# Thought I'd share.



## HoosierShadow (Apr 20, 2010)

I was looking at my photobucket album. I don't really use it because I switched to flickr.

I came across some pics of the ice storm we had back in Jan 2008. It was BAD. But AMAZINGLY we managed to keep our electric while just about everyone around us lost it. It was one of the worst disasters to hit KY.

Anyway, this pic is of where the goat pen is at, and before we ever had a garden:









See all the brush, trees, etc?

Here's a pic of nearly the same spot taken at the end of April 2010:



















In the first pic - that big brush pile looking thing on the right, well that was a dirt mound that covered the remains of a brick house that had burned down - been bulldozed back and covered with dirt! That area was such a mess....
Last summer my husband rented a bobcat, we had some relatives staying with us that helped, and we got ALL that junk out, trash, everything that we could. We had people picking up scrap metal, we had bags and bags for the garbage, and there are STILL about 30 tires in a pile just beyond our goat pen. 
I WISH I had taken more pictures of that mess before we started, but I didn't think about it. 
A lot of the unbroken bricks my husband found, we used to make side walks around the driveway area. And the cement steps...
He broke into pieces and put around the goat's barn!

I still can't believe how much different it looks now.

Here are a few more pics from the ice storm....it was so scary.... we amazingly had no damage and very few limbs down on our property. But if you walked outside, especially at night, you could hear trees and branches crashing to the ground!

Our road









We thought we were gonna loose our sheds...









Solid sheet of ice









We thought we'd lose our electric


----------



## AlaskaBoers (May 7, 2008)

LOL looks like Alaska! your goaties did a great job clearing too 

we usually lose power in March when the winds pick up. last year it sped to 95mph..there's living in a valley for ya.


----------



## HoosierShadow (Apr 20, 2010)

I found these too! I forgot about these.

A couple of does used to bring their fawns up, but I haven't seen any deer on our property in the last year - I've seen them in the field across the road, and in the backyard of our neighbors house <no one lives there>.

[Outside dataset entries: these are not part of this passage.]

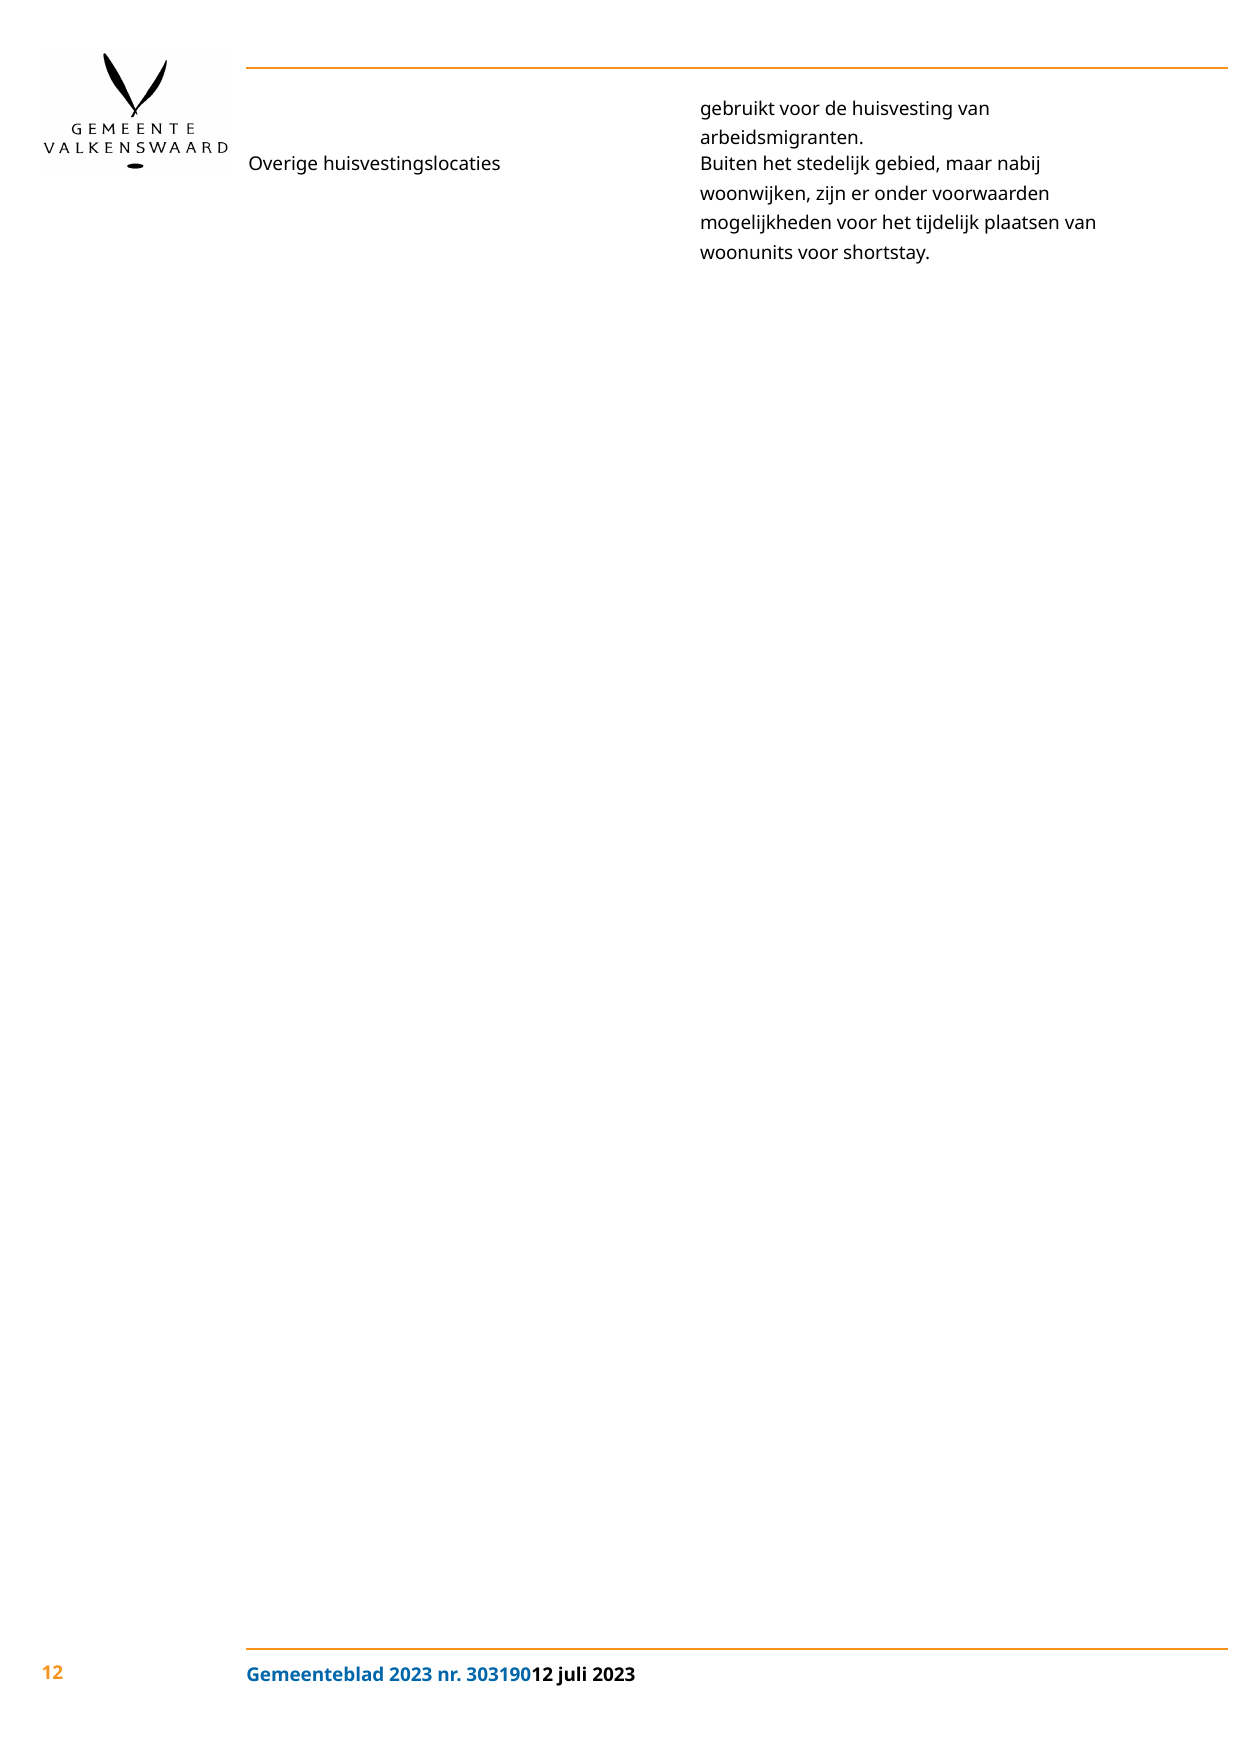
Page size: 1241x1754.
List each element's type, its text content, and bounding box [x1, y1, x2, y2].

picture [41, 47, 231, 172]
table_cell Overige huisvestingslocaties [248, 150, 700, 264]
table_cell [248, 95, 700, 150]
table_cell Buiten het stedelijk gebied, maar nabij woonwijken, zijn er onder voorwaarden mogelijkheden voor het tijdelijk plaatsen van woonunits voor shortstay. [700, 150, 1152, 264]
table_cell gebruikt voor de huisvesting van arbeidsmigranten. [700, 95, 1152, 150]
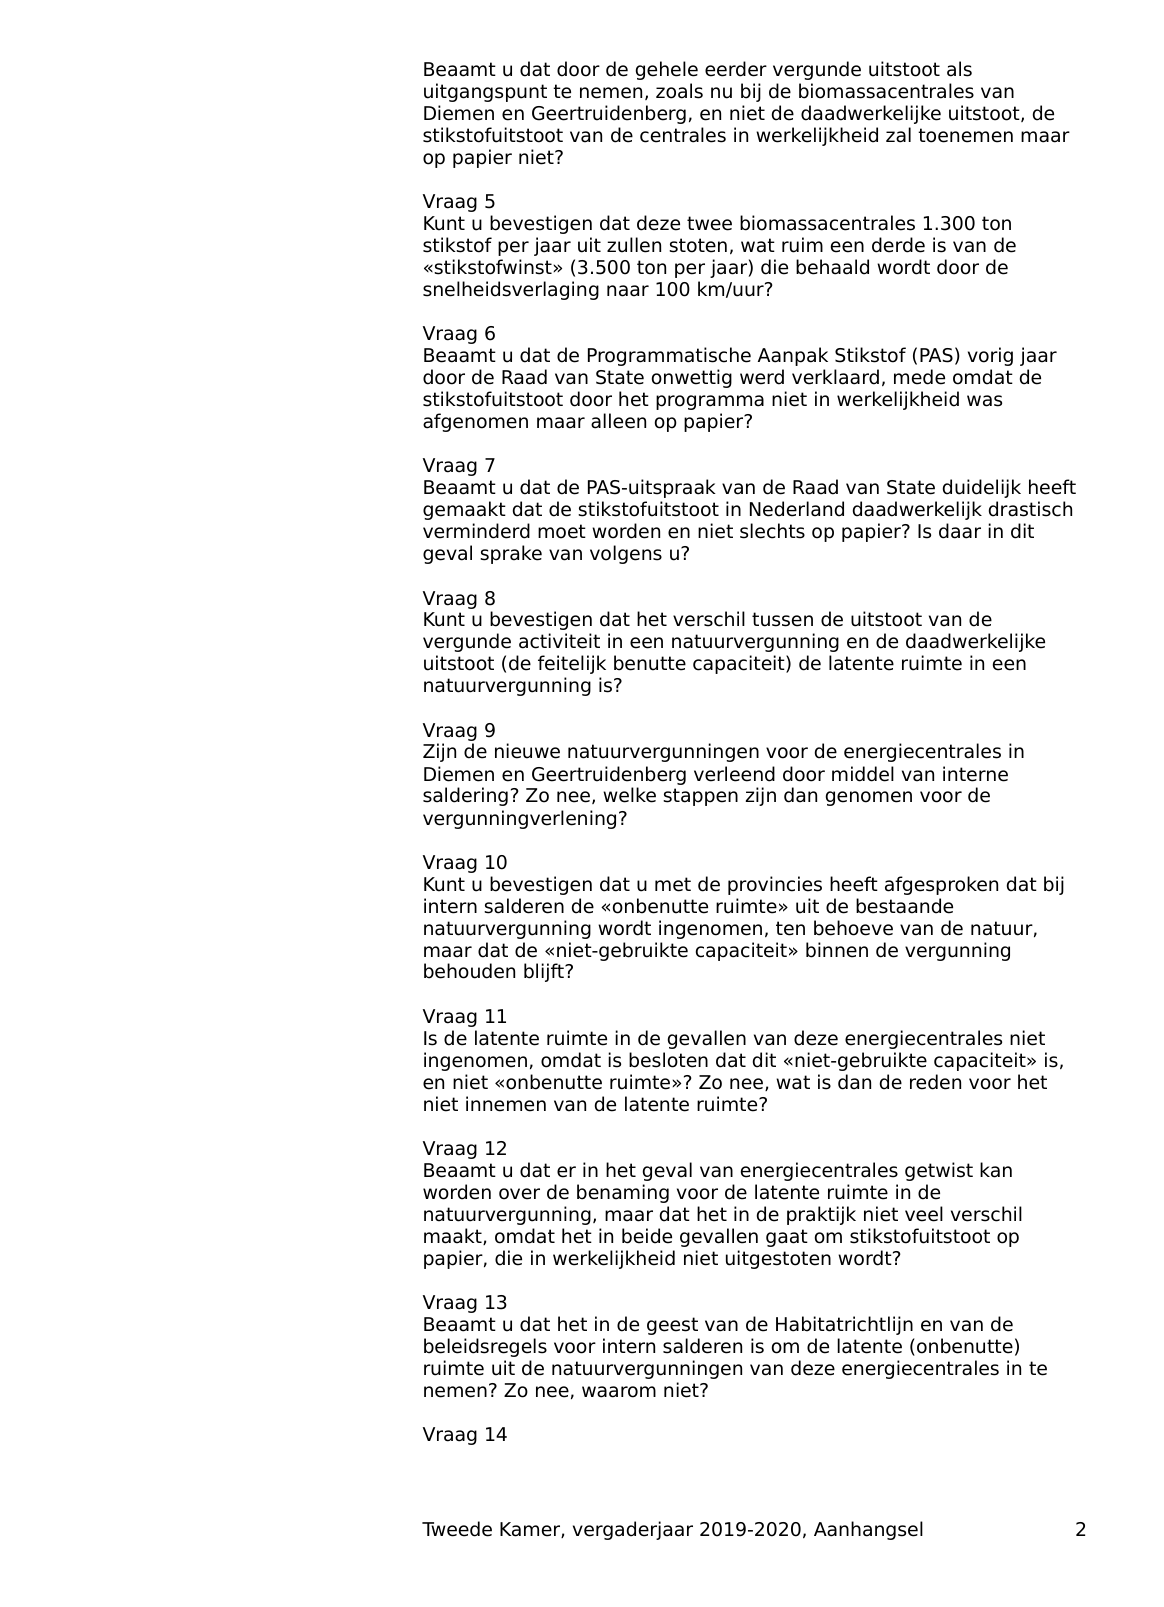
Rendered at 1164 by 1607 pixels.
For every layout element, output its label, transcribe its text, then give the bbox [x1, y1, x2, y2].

I took these through my dinning room window, they came right up to the fence that was around our back yard, and they used to come up quite often.



















Chicken wire surrounds our garden, never had a problem with them getting in with the wire up.









I did this for a fun photo contest I used to get into...theme was green...LOL


----------



## AlaskaBoers (May 7, 2008)

WOW!!
i dont know what it is, but i love deer! 

I've only seen two.. both in Wisconsin and one was roadkill... lol...


----------



## HoosierShadow (Apr 20, 2010)

LOL!!! I grew up in Indiana and they are EVERYWHERE there. I remember the farm my dad sold a few years ago - when we moved there, I went out to sit on the porch and there was a herd of around 12 grazing on the other side of the driveway!
When I was about 7 or 8 years old I was riding with my brother to town to pick up pizza, and we hit a buck on the way home! I was TERRIFIED! 
About a year and a half ago someone hit a deer and left it at the end of our driveway! We didn't hear a thing


----------



## AlaskaBoers (May 7, 2008)

wow. here we just have Moose, you'd hear it if somebody hit one, 1600 lbs of muscle and antler! totals peoples trucks..their eyes dont reflect like deer so there's a lot of casualties.  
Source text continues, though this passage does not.